These are the key concepts you need to understand to accurately answer the question.

Partial Derivatives
Partial derivatives are a fundamental aspect of studying functions with more than one variable. They measure how a function changes as only one of its variables varies, while the other variables are held constant. For instance, given a multivariate function like the distance from the origin to a point in a three-dimensional space, expressed by the equation \( Q = \sqrt{x^{2} + y^{2} + z^{2}} \), we might want to understand how the distance 'Q' changes only with respect to 'x' while 'y' and 'z' stay the same.

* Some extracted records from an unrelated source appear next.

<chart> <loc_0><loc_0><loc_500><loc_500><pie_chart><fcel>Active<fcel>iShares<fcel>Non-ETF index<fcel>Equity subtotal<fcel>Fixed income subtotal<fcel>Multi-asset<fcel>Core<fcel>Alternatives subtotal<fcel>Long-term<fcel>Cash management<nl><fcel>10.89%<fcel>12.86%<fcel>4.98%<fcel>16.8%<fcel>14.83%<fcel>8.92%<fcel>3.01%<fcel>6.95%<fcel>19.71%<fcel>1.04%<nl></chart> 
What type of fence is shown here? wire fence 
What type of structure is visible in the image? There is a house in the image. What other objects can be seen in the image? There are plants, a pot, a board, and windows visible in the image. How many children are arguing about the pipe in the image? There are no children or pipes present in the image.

Calculating the partial derivative of 'Q' with respect to 'x' involves treating 'y' and 'z' as constants and only differentiating with respect to 'x'. Thus we apply the usual rules of differentiation to obtain \( \frac{\partial Q}{\partial x} = \frac{x}{\sqrt{x^{2} + y^{2} + z^{2}}} \), which represents the rate of change of 'Q' in the direction of the 'x' axis. Similarly, we compute the partial derivatives \( \frac{\partial Q}{\partial y} \) and \( \frac{\partial Q}{\partial z} \) to understand changes in the 'y' and 'z' directions.

The concept of a partial derivative is a cornerstone of vector calculus and is critical for analyzing functions across multiple dimensions, which is notably useful in fields such as physics, engineering, and economics.
Total Derivative
The total derivative of a function takes an inclusive look at how the function changes when all of its variables are allowed to vary. Unlike partial derivatives, which consider one variable at a time, the total derivative integrates the effect of changes in all independent variables. It is particularly relevant when the variables themselves are functions of another variable, say time.

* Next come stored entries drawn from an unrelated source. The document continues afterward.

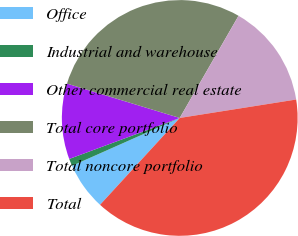Convert chart to OTSL. <chart><loc_0><loc_0><loc_500><loc_500><pie_chart><fcel>Office<fcel>Industrial and warehouse<fcel>Other commercial real estate<fcel>Total core portfolio<fcel>Total noncore portfolio<fcel>Total<nl><fcel>6.53%<fcel>1.0%<fcel>10.36%<fcel>28.61%<fcel>14.19%<fcel>39.32%<nl></chart> 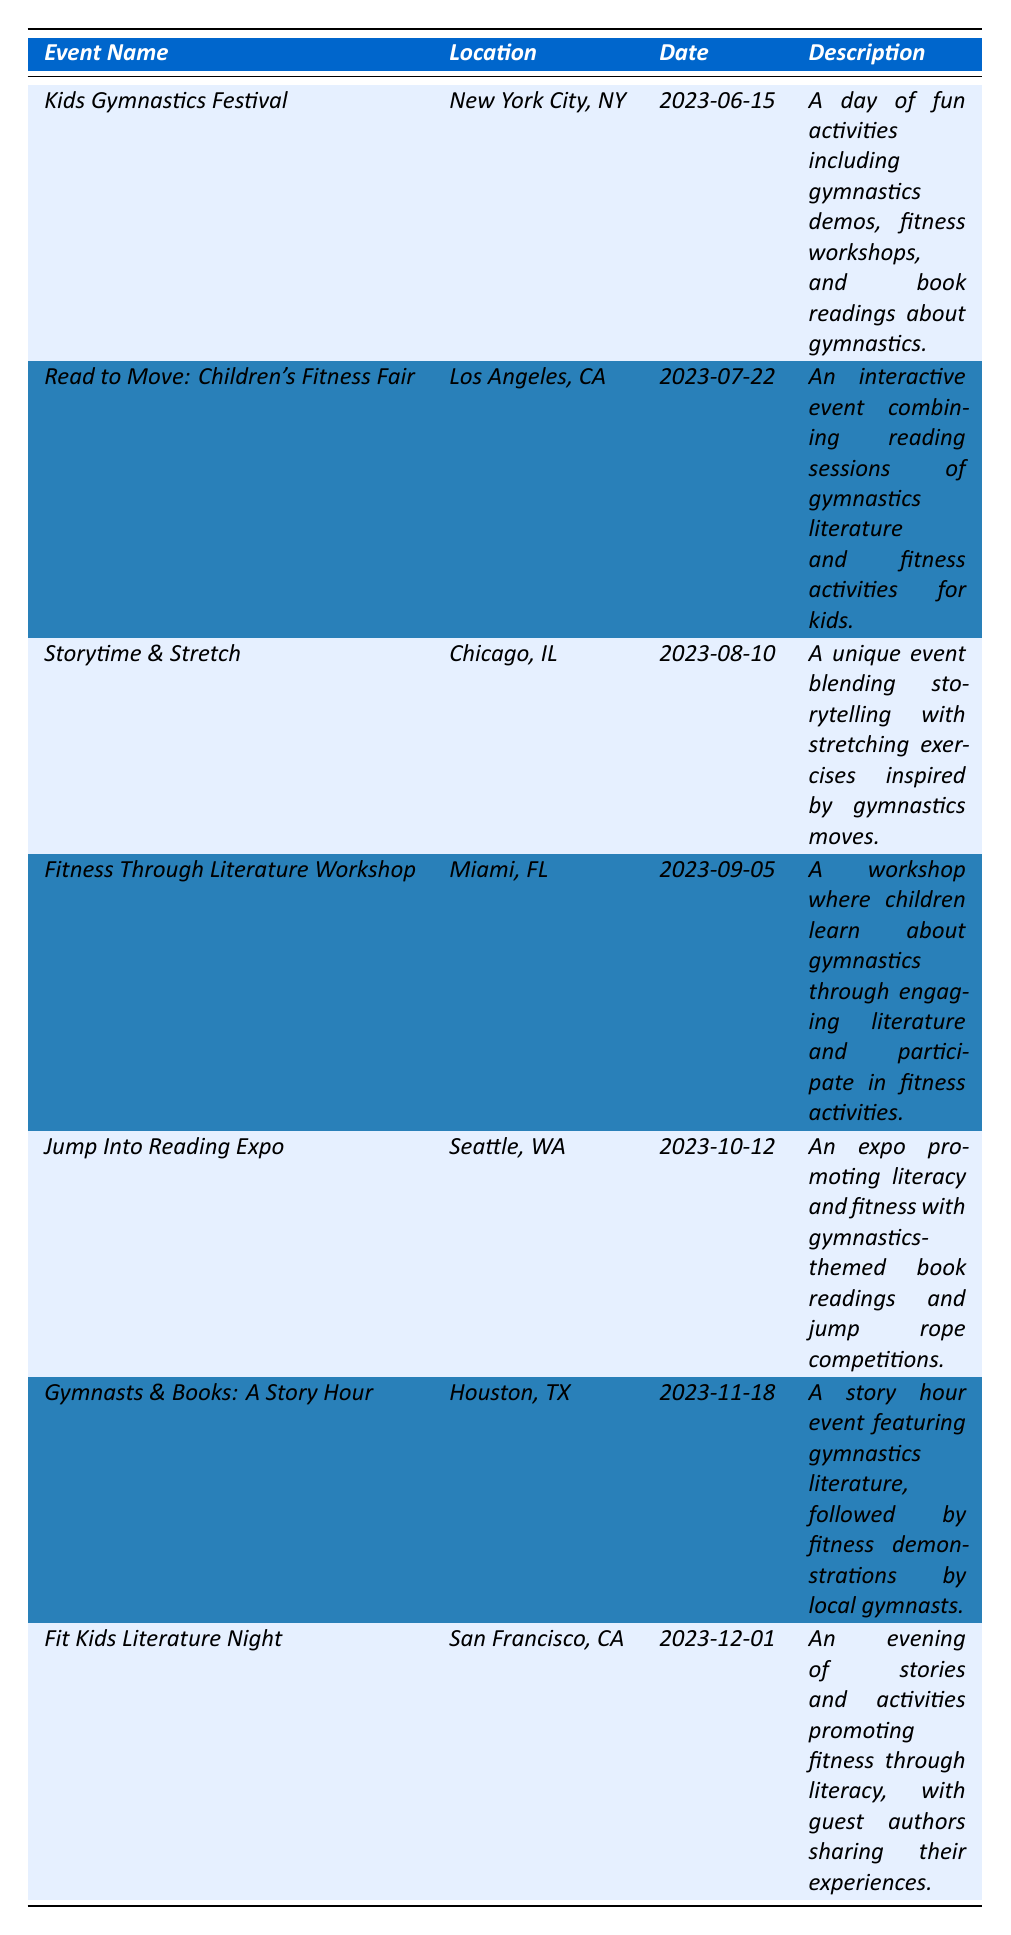What is the date of the Kids Gymnastics Festival? The Kids Gymnastics Festival is listed in the table with its date noted as June 15, 2023.
Answer: June 15, 2023 Which event takes place in Miami? The event that takes place in Miami is identified as the "Fitness Through Literature Workshop" in the table.
Answer: Fitness Through Literature Workshop How many events are scheduled for the month of October? The table lists two events scheduled for October: "Jump Into Reading Expo" on October 12 and "Gymnasts & Books: A Story Hour" on November 18, making a total of one event in October.
Answer: 1 What is the location of the event that targets preschool children? The event targeting preschool children is "Storytime & Stretch," which is located in Chicago, IL, as mentioned in the table.
Answer: Chicago, IL Is there an event aimed at families and educators? Yes, the "Read to Move: Children's Fitness Fair" is aimed at families and educators based on its audience description in the table.
Answer: Yes Which organization is hosting the "Jump Into Reading Expo"? The organization hosting the "Jump Into Reading Expo" is identified as the "Seattle Reads Initiative" in the table.
Answer: Seattle Reads Initiative What is the common theme of all listed events? Each event shares a common theme of promoting children's fitness and gymnastics literature through various interactive activities.
Answer: Fitness and gymnastics literature How many events specifically mention fitness activities? Upon reviewing the descriptions, all seven events, including phrases like “fitness workshops,” “fitness activities,” and “fitness demonstrations,” indicate a focus on fitness activities, totaling seven events.
Answer: 7 Which event occurs last in the year? The last event in the provided list is "Fit Kids Literature Night," scheduled for December 1, 2023, making it the final event of the year based on the dates provided.
Answer: December 1, 2023 What audience demographic is targeted by the "Gymnasts & Books: A Story Hour"? The demographic targeted by this event is children ages 5-10, as stated in the table under audience descriptions.
Answer: Children ages 5-10 Which city hosts the event that combines storytelling with stretching exercises? The city hosting the "Storytime & Stretch" event, which combines storytelling with stretching exercises, is Chicago, IL, based on the location listed in the table.
Answer: Chicago, IL What type of activities can participants expect at the "Kids Gymnastics Festival"? Participants can expect a day of fun activities including gymnastics demos, fitness workshops, and book readings relating to gymnastics, as detailed in the event's description.
Answer: Gymnastics demos, fitness workshops, and book readings Which event in the table features guest authors? The event that features guest authors is "Fit Kids Literature Night," where guest authors share their experiences as noted in the description.
Answer: Fit Kids Literature Night 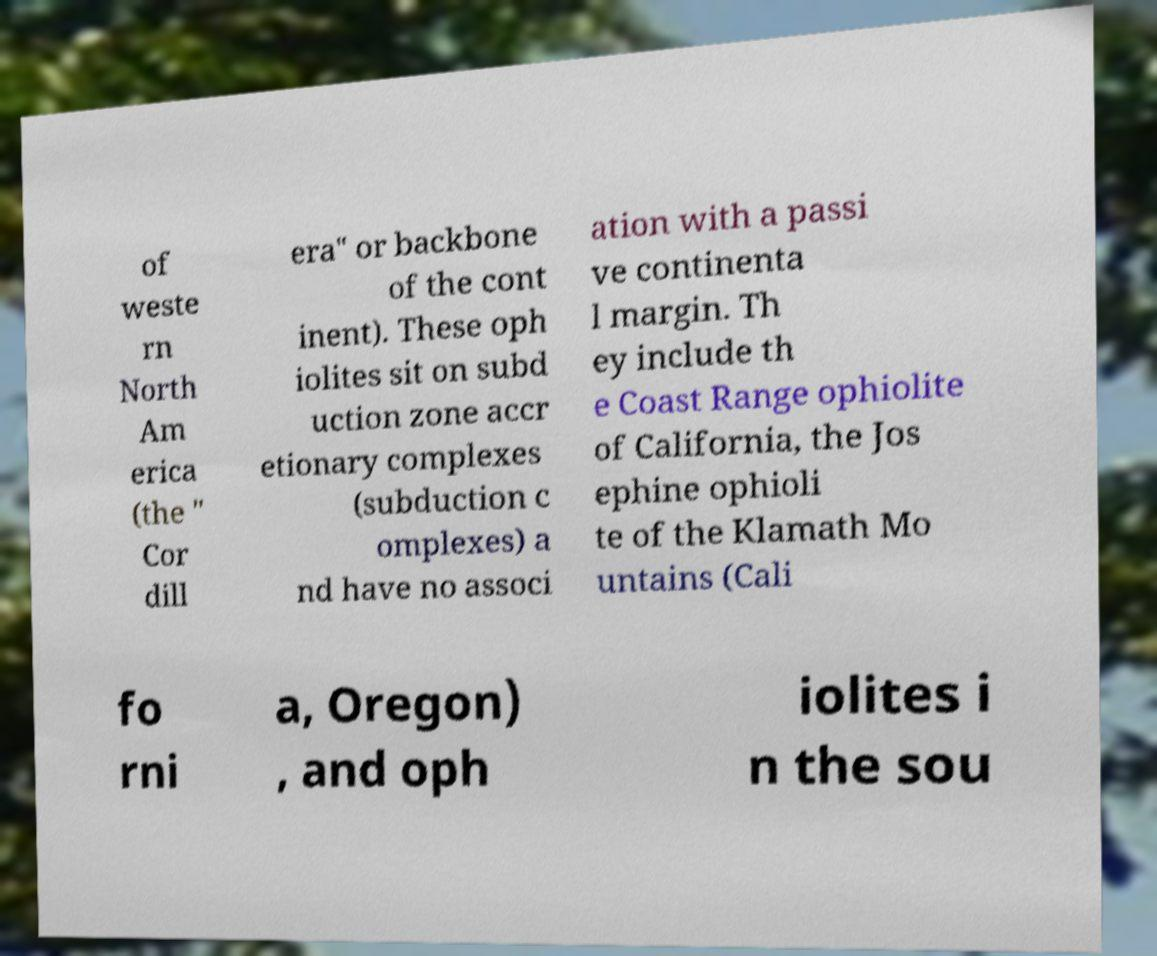Can you read and provide the text displayed in the image?This photo seems to have some interesting text. Can you extract and type it out for me? of weste rn North Am erica (the " Cor dill era" or backbone of the cont inent). These oph iolites sit on subd uction zone accr etionary complexes (subduction c omplexes) a nd have no associ ation with a passi ve continenta l margin. Th ey include th e Coast Range ophiolite of California, the Jos ephine ophioli te of the Klamath Mo untains (Cali fo rni a, Oregon) , and oph iolites i n the sou

For example, re-examining \( Q = \sqrt{x^{2} + y^{2} + z^{2}} \), suppose 'x', 'y', and 'z' are all functions of time, 't'. To find the rate at which 'Q' changes with time, we need to apply the chain rule from calculus, which seamlessly blends each independent variable's contribution.

Applying the multivariable chain rule is like knitting together the partial derivatives with the derivatives of 'x', 'y', and 'z' with respect to time. This results in the total derivative \( \frac{dQ}{dt} \), which provides a comprehensive picture of how 'Q' evolves as time advances. We calculate it by adding up each product of the function's partial derivatives and the derivatives of 'x', 'y', and 'z' with respect to 't'. The total derivative is essential for understanding dynamic systems where multiple factors simultaneously affect the behaviour or state of the system.
Independent Variable
An independent variable is a critical concept in calculus and the broader world of mathematics and science. It is the variable that influencers or controls the changes in a function or equation. Primarily, we see independent variables as the input upon which the output depends. In many functions, time 't' is chosen as an independent variable to track how other variables or states change as time progresses.

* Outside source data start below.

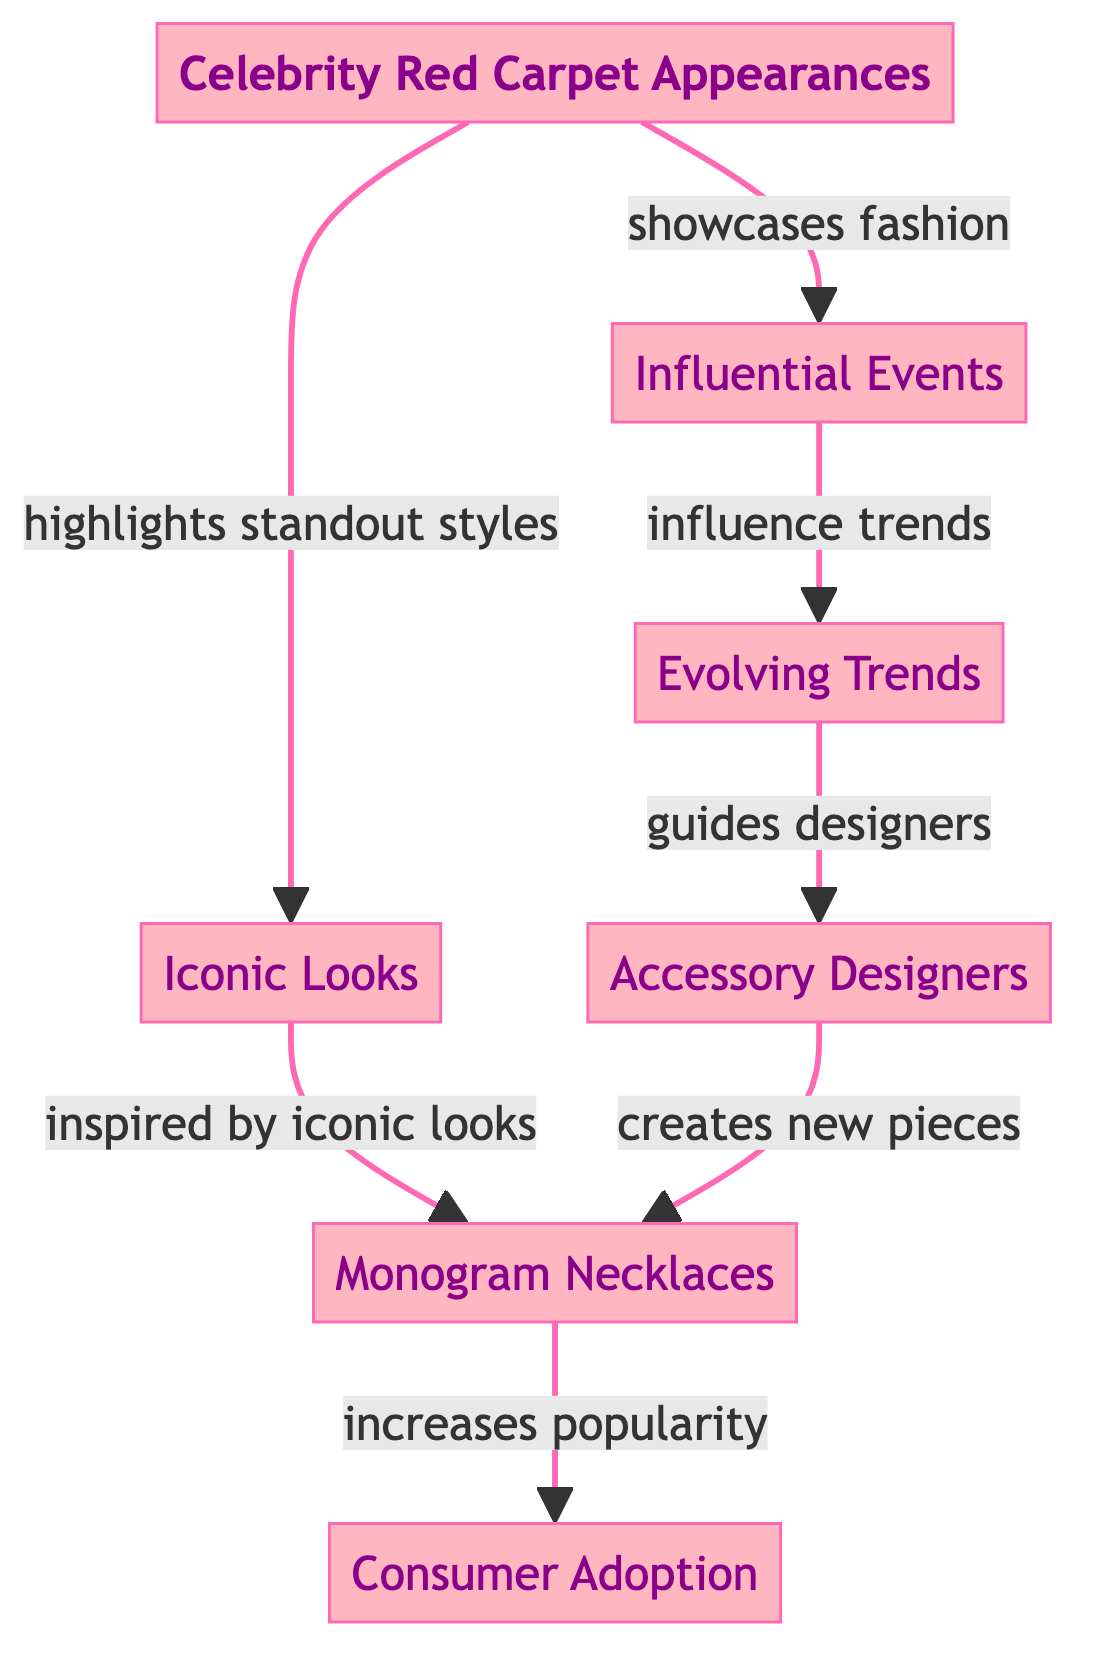What is the central node in the diagram? The diagram features "Celebrity Red Carpet Appearances" as the main node, branching out to other related nodes. It is visually highlighted and positioned at the center of the diagram.
Answer: Celebrity Red Carpet Appearances How many nodes are present in the diagram? By counting the circles in the diagram, we find there are six nodes: Celebrity Red Carpet Appearances, Influential Events, Iconic Looks, Evolving Trends, Accessory Designers, and Monogram Necklaces.
Answer: Six Which node is directly linked to both "Iconic Looks" and "Accessory Designers"? By reviewing the connections, "Evolving Trends" is the node connecting both "Iconic Looks" and "Accessory Designers", as it is influenced by the former and guides the latter.
Answer: Evolving Trends What effect do "Accessory Designers" have according to the diagram? The diagram illustrates that "Accessory Designers" create new pieces, which in turn includes monogram necklaces, highlighting their role in accessory innovation.
Answer: Creates new pieces What is the relationship between "Celebrity Red Carpet Appearances" and "Consumer Adoption"? The flowchart shows a progression where "Celebrity Red Carpet Appearances" leads to the development of accessory trends and increased popularity, which ultimately results in "Consumer Adoption" as the final outcome.
Answer: Increases popularity How does "Iconic Looks" influence "Monogram Necklaces"? "Iconic Looks" inspires the creation and trend adoption of "Monogram Necklaces", as shown by the directed connection from "Iconic Looks" to "Monogram Necklaces".
Answer: Inspired by iconic looks What guides accessory designers? The connection in the diagram indicates that "Evolving Trends" serves as a guideline for designers, showing how trends evolve and shape new designs.
Answer: Evolving Trends Which node represents a consumer behavior outcome? "Consumer Adoption" is the final node in the flow, indicating the acceptance and purchase behavior of consumers based on the trends established by earlier nodes.
Answer: Consumer Adoption What type of accessory is specifically mentioned in the diagram? The node "Monogram Necklaces" explicitly names a type of accessory that has gained popularity over the past decade within the context of celebrity influence.
Answer: Monogram Necklaces

When solving for \( \frac{dQ}{dt} \), we treated 't' as the independent variable and explored how 'x', 'y', and 'z' are functions of 't'. Doing so allows us to understand the behavior of 'Q' over time, as 'x', 'y', and 'z' change accordingly. Expressing a function solely in terms of its independent variables, as we did in the final step of our solution, simplifies its interpretation and application. This focus on the independent variable is especially illuminating for mathematical modelling, predicting phenomena, and analyzing experiments across various scientific domains.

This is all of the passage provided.